We can learn a great deal about Christian practice from St. Peter. He is not portrayed as the perfect human being, but as someone who sometimes gets it wrong. Peter loves the Lord and is a devoted follower, but struggles with wanting that devotion to be demonstrated on his terms. “Look how committed I am,” his actions try to say. But often Jesus shakes his head and admonishes Peter. Consider the account of Jesus washing his disciples’ feet. Peter says, “No,” certain he is correct in refusing. The master should not wash the feet of his servants. His overconfidence makes Peter miss Jesus’s lesson in humility.

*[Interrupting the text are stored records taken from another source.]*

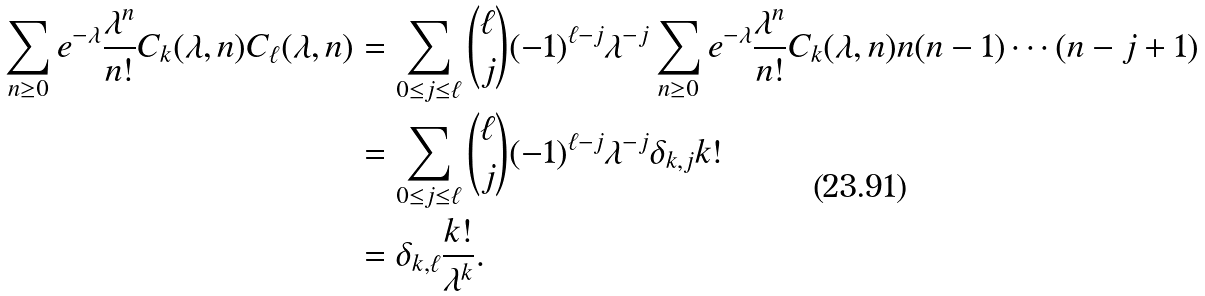<formula> <loc_0><loc_0><loc_500><loc_500>\sum _ { n \geq 0 } e ^ { - \lambda } \frac { \lambda ^ { n } } { n ! } C _ { k } ( \lambda , n ) C _ { \ell } ( \lambda , n ) & = \sum _ { 0 \leq j \leq \ell } \binom { \ell } { j } ( - 1 ) ^ { \ell - j } { \lambda ^ { - j } } \sum _ { n \geq 0 } e ^ { - \lambda } \frac { \lambda ^ { n } } { n ! } C _ { k } ( \lambda , n ) { n ( n - 1 ) \cdots ( n - j + 1 ) } \\ & = \sum _ { 0 \leq j \leq \ell } \binom { \ell } { j } ( - 1 ) ^ { \ell - j } { \lambda ^ { - j } } \delta _ { k , j } k ! \\ & = \delta _ { k , \ell } \frac { k ! } { \lambda ^ { k } } .</formula> 
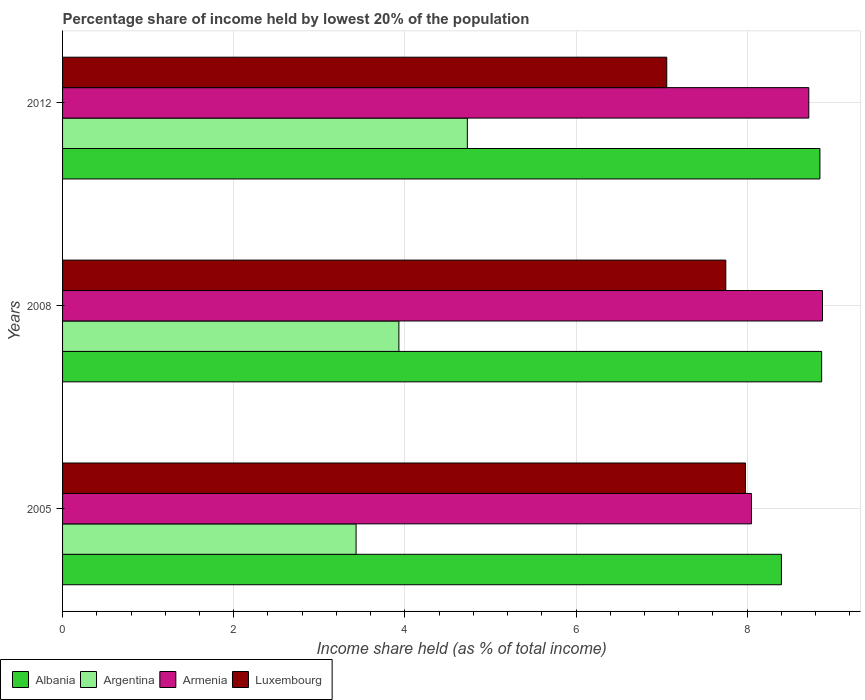How many different coloured bars are there?
Your answer should be very brief. 4. How many groups of bars are there?
Your answer should be compact. 3. Are the number of bars on each tick of the Y-axis equal?
Offer a terse response. Yes. In how many cases, is the number of bars for a given year not equal to the number of legend labels?
Your response must be concise. 0. What is the percentage share of income held by lowest 20% of the population in Luxembourg in 2008?
Keep it short and to the point. 7.75. Across all years, what is the maximum percentage share of income held by lowest 20% of the population in Luxembourg?
Make the answer very short. 7.98. Across all years, what is the minimum percentage share of income held by lowest 20% of the population in Armenia?
Make the answer very short. 8.05. In which year was the percentage share of income held by lowest 20% of the population in Argentina maximum?
Keep it short and to the point. 2012. What is the total percentage share of income held by lowest 20% of the population in Luxembourg in the graph?
Ensure brevity in your answer.  22.79. What is the difference between the percentage share of income held by lowest 20% of the population in Armenia in 2008 and that in 2012?
Your answer should be very brief. 0.16. What is the difference between the percentage share of income held by lowest 20% of the population in Argentina in 2005 and the percentage share of income held by lowest 20% of the population in Armenia in 2008?
Provide a succinct answer. -5.45. What is the average percentage share of income held by lowest 20% of the population in Albania per year?
Offer a very short reply. 8.71. In the year 2012, what is the difference between the percentage share of income held by lowest 20% of the population in Argentina and percentage share of income held by lowest 20% of the population in Albania?
Your answer should be very brief. -4.12. In how many years, is the percentage share of income held by lowest 20% of the population in Armenia greater than 2 %?
Offer a terse response. 3. What is the ratio of the percentage share of income held by lowest 20% of the population in Albania in 2008 to that in 2012?
Offer a terse response. 1. Is the difference between the percentage share of income held by lowest 20% of the population in Argentina in 2008 and 2012 greater than the difference between the percentage share of income held by lowest 20% of the population in Albania in 2008 and 2012?
Give a very brief answer. No. What is the difference between the highest and the second highest percentage share of income held by lowest 20% of the population in Albania?
Give a very brief answer. 0.02. What is the difference between the highest and the lowest percentage share of income held by lowest 20% of the population in Armenia?
Your response must be concise. 0.83. Is the sum of the percentage share of income held by lowest 20% of the population in Argentina in 2005 and 2008 greater than the maximum percentage share of income held by lowest 20% of the population in Armenia across all years?
Your response must be concise. No. What does the 2nd bar from the top in 2012 represents?
Your answer should be very brief. Armenia. What does the 3rd bar from the bottom in 2008 represents?
Your answer should be very brief. Armenia. How many bars are there?
Provide a short and direct response. 12. How many years are there in the graph?
Your answer should be very brief. 3. What is the difference between two consecutive major ticks on the X-axis?
Provide a short and direct response. 2. Are the values on the major ticks of X-axis written in scientific E-notation?
Keep it short and to the point. No. How many legend labels are there?
Ensure brevity in your answer.  4. How are the legend labels stacked?
Offer a terse response. Horizontal. What is the title of the graph?
Your answer should be compact. Percentage share of income held by lowest 20% of the population. What is the label or title of the X-axis?
Keep it short and to the point. Income share held (as % of total income). What is the label or title of the Y-axis?
Your answer should be very brief. Years. What is the Income share held (as % of total income) of Albania in 2005?
Your response must be concise. 8.4. What is the Income share held (as % of total income) in Argentina in 2005?
Your answer should be compact. 3.43. What is the Income share held (as % of total income) in Armenia in 2005?
Your answer should be compact. 8.05. What is the Income share held (as % of total income) in Luxembourg in 2005?
Ensure brevity in your answer.  7.98. What is the Income share held (as % of total income) in Albania in 2008?
Offer a terse response. 8.87. What is the Income share held (as % of total income) in Argentina in 2008?
Make the answer very short. 3.93. What is the Income share held (as % of total income) in Armenia in 2008?
Keep it short and to the point. 8.88. What is the Income share held (as % of total income) of Luxembourg in 2008?
Offer a very short reply. 7.75. What is the Income share held (as % of total income) in Albania in 2012?
Offer a very short reply. 8.85. What is the Income share held (as % of total income) of Argentina in 2012?
Give a very brief answer. 4.73. What is the Income share held (as % of total income) of Armenia in 2012?
Keep it short and to the point. 8.72. What is the Income share held (as % of total income) of Luxembourg in 2012?
Your answer should be compact. 7.06. Across all years, what is the maximum Income share held (as % of total income) of Albania?
Your answer should be very brief. 8.87. Across all years, what is the maximum Income share held (as % of total income) in Argentina?
Your answer should be very brief. 4.73. Across all years, what is the maximum Income share held (as % of total income) of Armenia?
Offer a terse response. 8.88. Across all years, what is the maximum Income share held (as % of total income) of Luxembourg?
Offer a very short reply. 7.98. Across all years, what is the minimum Income share held (as % of total income) of Argentina?
Make the answer very short. 3.43. Across all years, what is the minimum Income share held (as % of total income) of Armenia?
Provide a succinct answer. 8.05. Across all years, what is the minimum Income share held (as % of total income) in Luxembourg?
Your response must be concise. 7.06. What is the total Income share held (as % of total income) in Albania in the graph?
Your answer should be very brief. 26.12. What is the total Income share held (as % of total income) of Argentina in the graph?
Provide a short and direct response. 12.09. What is the total Income share held (as % of total income) in Armenia in the graph?
Provide a succinct answer. 25.65. What is the total Income share held (as % of total income) in Luxembourg in the graph?
Keep it short and to the point. 22.79. What is the difference between the Income share held (as % of total income) of Albania in 2005 and that in 2008?
Offer a terse response. -0.47. What is the difference between the Income share held (as % of total income) of Argentina in 2005 and that in 2008?
Your response must be concise. -0.5. What is the difference between the Income share held (as % of total income) of Armenia in 2005 and that in 2008?
Give a very brief answer. -0.83. What is the difference between the Income share held (as % of total income) in Luxembourg in 2005 and that in 2008?
Keep it short and to the point. 0.23. What is the difference between the Income share held (as % of total income) of Albania in 2005 and that in 2012?
Make the answer very short. -0.45. What is the difference between the Income share held (as % of total income) of Argentina in 2005 and that in 2012?
Your answer should be compact. -1.3. What is the difference between the Income share held (as % of total income) in Armenia in 2005 and that in 2012?
Make the answer very short. -0.67. What is the difference between the Income share held (as % of total income) in Luxembourg in 2005 and that in 2012?
Ensure brevity in your answer.  0.92. What is the difference between the Income share held (as % of total income) of Armenia in 2008 and that in 2012?
Offer a very short reply. 0.16. What is the difference between the Income share held (as % of total income) in Luxembourg in 2008 and that in 2012?
Provide a succinct answer. 0.69. What is the difference between the Income share held (as % of total income) in Albania in 2005 and the Income share held (as % of total income) in Argentina in 2008?
Provide a short and direct response. 4.47. What is the difference between the Income share held (as % of total income) of Albania in 2005 and the Income share held (as % of total income) of Armenia in 2008?
Offer a terse response. -0.48. What is the difference between the Income share held (as % of total income) of Albania in 2005 and the Income share held (as % of total income) of Luxembourg in 2008?
Ensure brevity in your answer.  0.65. What is the difference between the Income share held (as % of total income) in Argentina in 2005 and the Income share held (as % of total income) in Armenia in 2008?
Provide a short and direct response. -5.45. What is the difference between the Income share held (as % of total income) of Argentina in 2005 and the Income share held (as % of total income) of Luxembourg in 2008?
Make the answer very short. -4.32. What is the difference between the Income share held (as % of total income) of Armenia in 2005 and the Income share held (as % of total income) of Luxembourg in 2008?
Provide a short and direct response. 0.3. What is the difference between the Income share held (as % of total income) in Albania in 2005 and the Income share held (as % of total income) in Argentina in 2012?
Your answer should be very brief. 3.67. What is the difference between the Income share held (as % of total income) of Albania in 2005 and the Income share held (as % of total income) of Armenia in 2012?
Offer a very short reply. -0.32. What is the difference between the Income share held (as % of total income) of Albania in 2005 and the Income share held (as % of total income) of Luxembourg in 2012?
Provide a short and direct response. 1.34. What is the difference between the Income share held (as % of total income) of Argentina in 2005 and the Income share held (as % of total income) of Armenia in 2012?
Make the answer very short. -5.29. What is the difference between the Income share held (as % of total income) of Argentina in 2005 and the Income share held (as % of total income) of Luxembourg in 2012?
Ensure brevity in your answer.  -3.63. What is the difference between the Income share held (as % of total income) in Armenia in 2005 and the Income share held (as % of total income) in Luxembourg in 2012?
Your answer should be compact. 0.99. What is the difference between the Income share held (as % of total income) of Albania in 2008 and the Income share held (as % of total income) of Argentina in 2012?
Provide a short and direct response. 4.14. What is the difference between the Income share held (as % of total income) in Albania in 2008 and the Income share held (as % of total income) in Luxembourg in 2012?
Keep it short and to the point. 1.81. What is the difference between the Income share held (as % of total income) of Argentina in 2008 and the Income share held (as % of total income) of Armenia in 2012?
Make the answer very short. -4.79. What is the difference between the Income share held (as % of total income) in Argentina in 2008 and the Income share held (as % of total income) in Luxembourg in 2012?
Keep it short and to the point. -3.13. What is the difference between the Income share held (as % of total income) in Armenia in 2008 and the Income share held (as % of total income) in Luxembourg in 2012?
Make the answer very short. 1.82. What is the average Income share held (as % of total income) of Albania per year?
Keep it short and to the point. 8.71. What is the average Income share held (as % of total income) of Argentina per year?
Give a very brief answer. 4.03. What is the average Income share held (as % of total income) in Armenia per year?
Keep it short and to the point. 8.55. What is the average Income share held (as % of total income) of Luxembourg per year?
Give a very brief answer. 7.6. In the year 2005, what is the difference between the Income share held (as % of total income) of Albania and Income share held (as % of total income) of Argentina?
Make the answer very short. 4.97. In the year 2005, what is the difference between the Income share held (as % of total income) in Albania and Income share held (as % of total income) in Luxembourg?
Your response must be concise. 0.42. In the year 2005, what is the difference between the Income share held (as % of total income) of Argentina and Income share held (as % of total income) of Armenia?
Provide a succinct answer. -4.62. In the year 2005, what is the difference between the Income share held (as % of total income) in Argentina and Income share held (as % of total income) in Luxembourg?
Offer a terse response. -4.55. In the year 2005, what is the difference between the Income share held (as % of total income) in Armenia and Income share held (as % of total income) in Luxembourg?
Offer a terse response. 0.07. In the year 2008, what is the difference between the Income share held (as % of total income) in Albania and Income share held (as % of total income) in Argentina?
Provide a short and direct response. 4.94. In the year 2008, what is the difference between the Income share held (as % of total income) in Albania and Income share held (as % of total income) in Armenia?
Offer a terse response. -0.01. In the year 2008, what is the difference between the Income share held (as % of total income) in Albania and Income share held (as % of total income) in Luxembourg?
Provide a succinct answer. 1.12. In the year 2008, what is the difference between the Income share held (as % of total income) in Argentina and Income share held (as % of total income) in Armenia?
Your answer should be very brief. -4.95. In the year 2008, what is the difference between the Income share held (as % of total income) in Argentina and Income share held (as % of total income) in Luxembourg?
Ensure brevity in your answer.  -3.82. In the year 2008, what is the difference between the Income share held (as % of total income) in Armenia and Income share held (as % of total income) in Luxembourg?
Offer a terse response. 1.13. In the year 2012, what is the difference between the Income share held (as % of total income) in Albania and Income share held (as % of total income) in Argentina?
Make the answer very short. 4.12. In the year 2012, what is the difference between the Income share held (as % of total income) of Albania and Income share held (as % of total income) of Armenia?
Provide a short and direct response. 0.13. In the year 2012, what is the difference between the Income share held (as % of total income) of Albania and Income share held (as % of total income) of Luxembourg?
Your answer should be compact. 1.79. In the year 2012, what is the difference between the Income share held (as % of total income) in Argentina and Income share held (as % of total income) in Armenia?
Give a very brief answer. -3.99. In the year 2012, what is the difference between the Income share held (as % of total income) of Argentina and Income share held (as % of total income) of Luxembourg?
Keep it short and to the point. -2.33. In the year 2012, what is the difference between the Income share held (as % of total income) of Armenia and Income share held (as % of total income) of Luxembourg?
Your answer should be very brief. 1.66. What is the ratio of the Income share held (as % of total income) in Albania in 2005 to that in 2008?
Give a very brief answer. 0.95. What is the ratio of the Income share held (as % of total income) of Argentina in 2005 to that in 2008?
Make the answer very short. 0.87. What is the ratio of the Income share held (as % of total income) in Armenia in 2005 to that in 2008?
Your answer should be compact. 0.91. What is the ratio of the Income share held (as % of total income) in Luxembourg in 2005 to that in 2008?
Give a very brief answer. 1.03. What is the ratio of the Income share held (as % of total income) of Albania in 2005 to that in 2012?
Provide a short and direct response. 0.95. What is the ratio of the Income share held (as % of total income) in Argentina in 2005 to that in 2012?
Make the answer very short. 0.73. What is the ratio of the Income share held (as % of total income) in Armenia in 2005 to that in 2012?
Provide a succinct answer. 0.92. What is the ratio of the Income share held (as % of total income) of Luxembourg in 2005 to that in 2012?
Your response must be concise. 1.13. What is the ratio of the Income share held (as % of total income) of Argentina in 2008 to that in 2012?
Provide a short and direct response. 0.83. What is the ratio of the Income share held (as % of total income) of Armenia in 2008 to that in 2012?
Your answer should be very brief. 1.02. What is the ratio of the Income share held (as % of total income) in Luxembourg in 2008 to that in 2012?
Your response must be concise. 1.1. What is the difference between the highest and the second highest Income share held (as % of total income) in Albania?
Make the answer very short. 0.02. What is the difference between the highest and the second highest Income share held (as % of total income) in Armenia?
Make the answer very short. 0.16. What is the difference between the highest and the second highest Income share held (as % of total income) in Luxembourg?
Offer a terse response. 0.23. What is the difference between the highest and the lowest Income share held (as % of total income) of Albania?
Offer a very short reply. 0.47. What is the difference between the highest and the lowest Income share held (as % of total income) of Armenia?
Offer a very short reply. 0.83.

After Jesus rebukes him, Peter then overcompensates. If Jesus is to wash his feet, then Peter wants his hands and head washed as well. Again, in his haste and zeal Peter missed the point. Then later, Peter draws the sword to prevent Jesus from being arrested … but this is not the kind of courage Jesus seeking from Peter. Rather, he is looking for the kind of courage Peter later fails to exhibit when he three times denies knowing Jesus. Peter fails to listen, so his acts of devotion crash and burn.
It takes time for Peter to fully understand his calling. It can take us time as well. The Lord does not call us to live on our own terms, but on His. It can be uncomfortable to relinquish our ideas about who we are and how we want to prove our Christian devotion. If we do not learn to do so, however, we are not truly followers of Jesus Christ, but followers of our own selfish desires.
Fortunately, or not, depending on your position, the truth of Christianity is harder to contend with than the world around us. It shows us aspects of ourselves that no one wants to admit—after all, a real relationship with Christ begins with a knowledge of our own sin and with the admission that “we’re not okay,” which is precisely the opposite of the message broadcast by the modern world. Christianity is not simply an easy expedient adopted by the weak to protect themselves from harsh naturalism. It is the acceptance of the even harder path that leads the weak to become strong through Him.
Christianity isn’t a warm, fuzzy blanket that we wrap ourselves in when we feel the cold of the world, and it is far more than a get-out-of-Hell-free card. It is the Universal Sovereign’s attempt to set us back to right after we have so thoroughly injured ourselves and His creation that He would be justified in simply doing away with it all. The Truth restores us to proper balance with Himself and with His creation as a whole. That affects our entire life in different ways, some comforting, some hard … but all good.